I work at a cell phone kiosk in one of those giant stores that sell shit in bulk that no one needs to have that much of unless they own a restaurant. You know, where you have to have a little membership card to get in. Yeah, it's a terrible job. So I'm going to use this thread to tell all you lovely people about my wonderful and exciting days at work. Most of the time I will be sharing while I'm actually at work. Sometimes I'll post some pictures once I get home; I like to snap pictures of the interesting folks that come in the door.
A little bit of background :
The customer base for this location are local yuppy douchebags and redneck old people from the boonies. The first group wants nothing to do with what I sell because none of it is the super new fancy stuff. The second pretty much wants nothing to do with technology in general. My company would like me to sell mostly new lines of service, and less renewals. The problem with that is that 90 % of people that come in have the same carrier. All of their friends and family also have that carrier, so no one wants to switch to something else. So that means I mostly sell upgrades at 5 bucks a pop for me. Have I mentioned that since I'm working for a third party I can't offer the credit on the phone that the corporate location can? Yeah, that's fun to explain.
As a result to all the bullshit red tape and general disinterest of the customers to talk to me, I spend most of my day observing people that walk by and playing on my phone. Why not try to engage the customers you ask?
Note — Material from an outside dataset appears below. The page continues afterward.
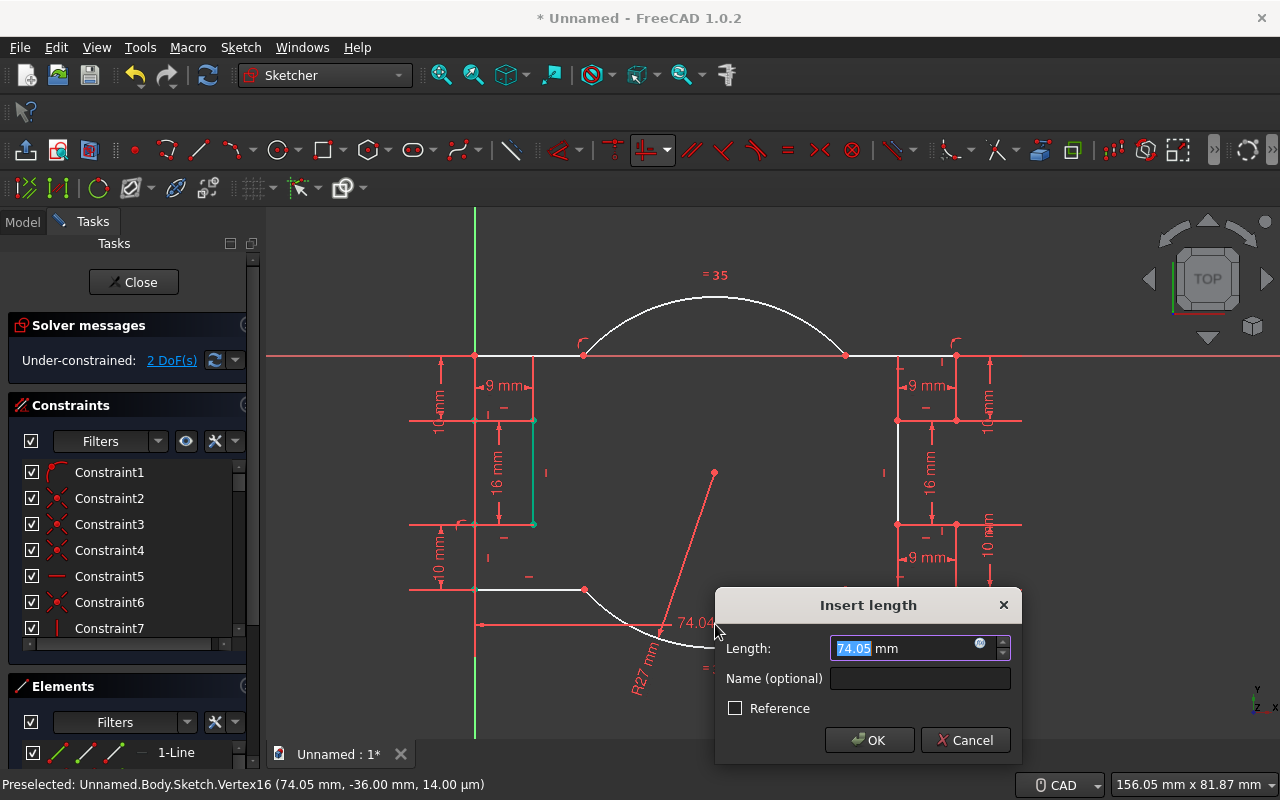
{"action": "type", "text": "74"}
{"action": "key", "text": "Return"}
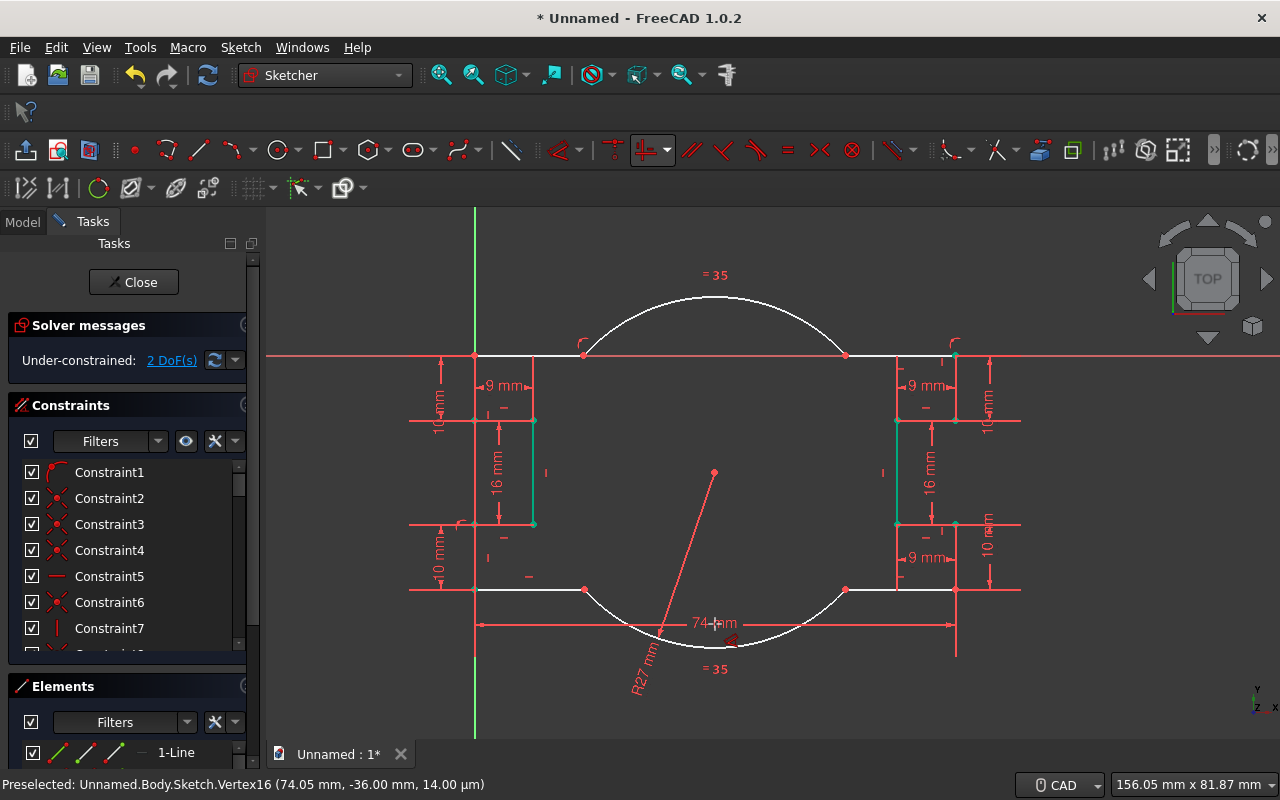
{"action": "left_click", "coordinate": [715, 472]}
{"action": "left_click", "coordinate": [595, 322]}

Because those 5 dollars aren't worth it to me to be annoying people that will just be rude back to me. I'm not a people person and the people that actually buy shit are the ones that walk right up to you.
So anyway, I will probably be updating this thread every 20 minutes during work, so stop by and laugh at my hell.
The word of the day is lovehandles. Yes, sometimes they are unavoidable. But please, please stop giving yourself the muffintop with those pants that are 2 sizes to small. And guys, ladies aren't the only ones with this going on. If your belt is digging in, its too tight.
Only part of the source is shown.